An example. If you have a RESTful Web service resource that injects an AI service,

@ApplicationScoped
@Path("/chat")
public class ChatResource {

    @Inject
    private ChatAiService aiService;

	//REST resource methods ignore, for brevity...
}

the processInjectionTarget method in the CDI extension will trigger the ProcessInjectionTarget<ChatResource> when ChatResource class is discovered.
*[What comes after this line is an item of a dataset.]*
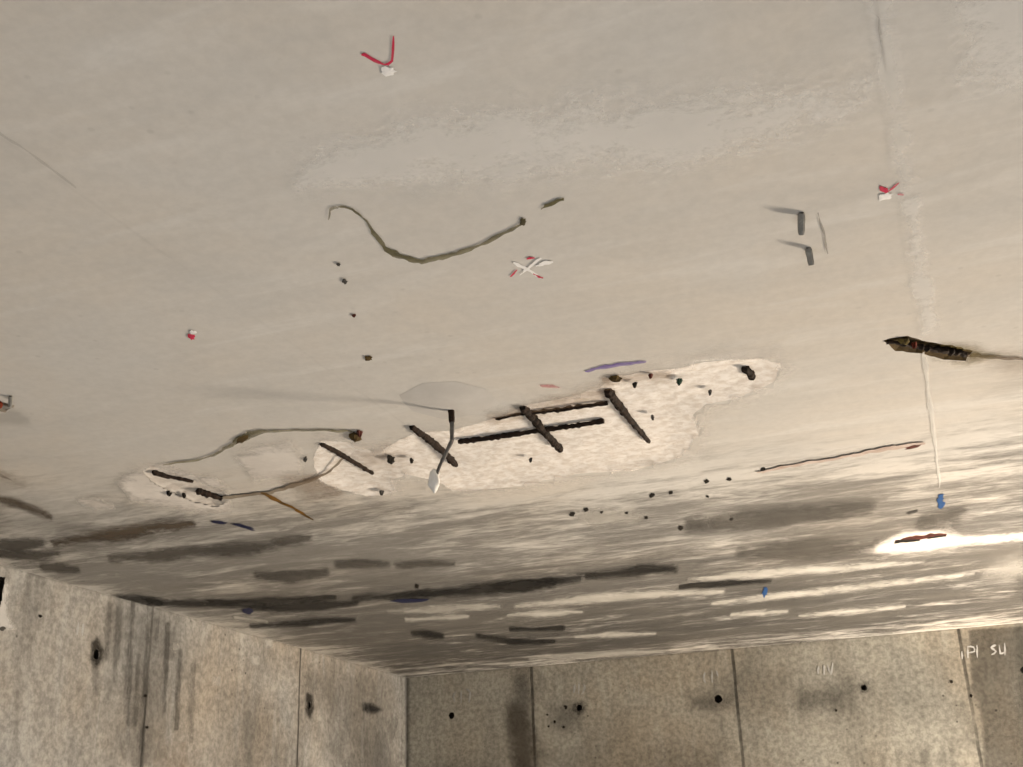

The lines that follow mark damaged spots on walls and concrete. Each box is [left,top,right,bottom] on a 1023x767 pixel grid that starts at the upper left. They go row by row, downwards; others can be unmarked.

3.3.3 The ProcessBeanAttributes event

The container fires this event for all managed beans, interceptors, and decorators. This happens before the bean (Bean<?>) is registered in the container. The event is fired for all beans, including Producer Fields, Producer Methods, Managed beans, Session beans and custom beans. This provides a way for extensions to influence bean metadata, such as adding qualifiers, changing scope, or even vetoing the bean entirely.
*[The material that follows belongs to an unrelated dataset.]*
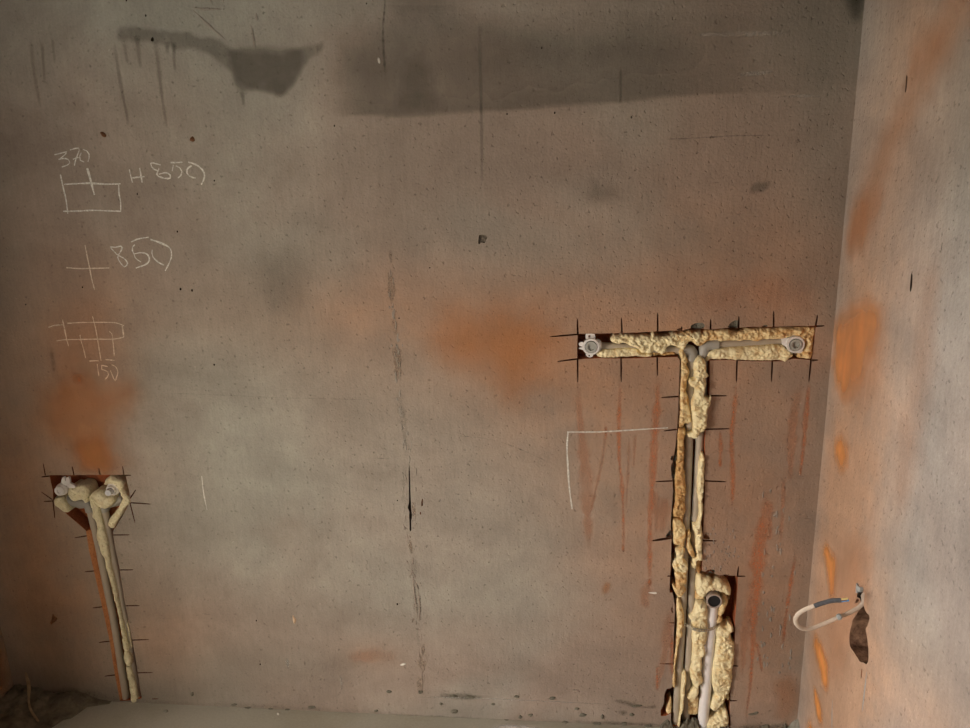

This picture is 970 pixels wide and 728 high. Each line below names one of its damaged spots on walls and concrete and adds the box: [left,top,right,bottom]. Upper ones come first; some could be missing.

crack [388,269,427,691]

public interface ProcessBeanAttributes<T> {
    public Annotated getAnnotated();
    public BeanAttributes<T> getBeanAttributes();
    public void setBeanAttributes(BeanAttributes<T> beanAttributes);
    public BeanAttributesConfigurator<T> configureBeanAttributes(); // Since CDI 2.0
    public void addDefinitionError(Throwable t);
    public void veto();
    public void ignoreFinalMethods();
}

Since CDI 2.0 and later versions offer BeanAttributesConfigurator for easier modification. of the BeanAttributes , which will replace the original one at the end of the observer invocation. You can obtain a configurator through ProcessBeanAttributes.configureBeanAttributes().
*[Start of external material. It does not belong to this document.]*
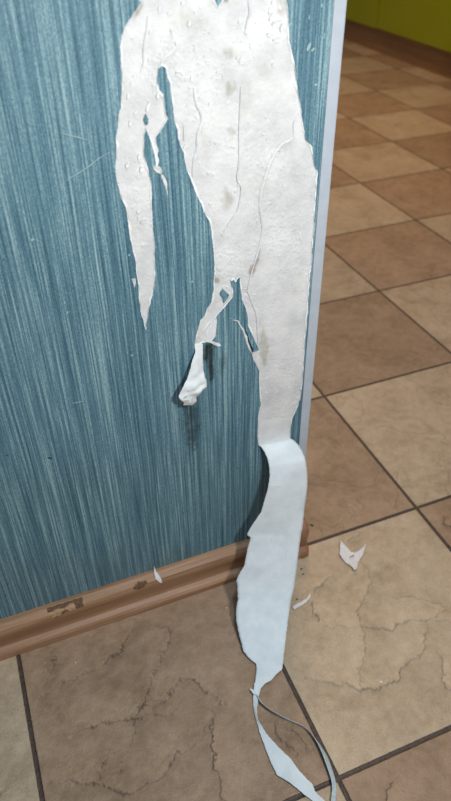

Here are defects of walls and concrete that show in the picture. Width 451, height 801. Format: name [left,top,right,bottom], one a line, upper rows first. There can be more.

peeling [115,0,318,438]

To prevent a bean from being registered, use event.veto().

Example:

public class MyExtension implements Extension {

    <X> void processBeanAttributes(@Observes ProcessBeanAttributes<X> event) {
        // Your logic here to inspect or modify bean attributes
    }
}

• The event is a parameterised type to target a specific base type, where X is the bean class, the return type of the producer method, or the type of the producer field.
• getBeanAttributes() returns the BeanAttributes object that the container uses to manage instances of the bean.
• setBeanAttributes() replaces the BeanAttributes.

Adding a definition error to addDefinitionError allows the extension to abort deployment.

3.3.4 The ProcessBean/ProcessManagedBean/ProcessSessionBean/ProcessProducerField/ProcessProducerMethod/ProcessSynthenticBean event

The container fires this event for each bean, interceptor, or decorator deployed in a bean archive. The timing is specific: it occurs after firing ProcessBeanAttributes for the bean but before registering the Bean object. It allows extensions to observe and potentially modify a bean’s lifecycle before it’s registered with the container.

public interface ProcessBean<X> {
    public Annotated getAnnotated();
    public Bean<X> getBean();
    public void addDefinitionError(Throwable t);
}

The event is a parameterised type to target a specific base type, where X is the bean class, the return type of the producer method, or the type of the producer field.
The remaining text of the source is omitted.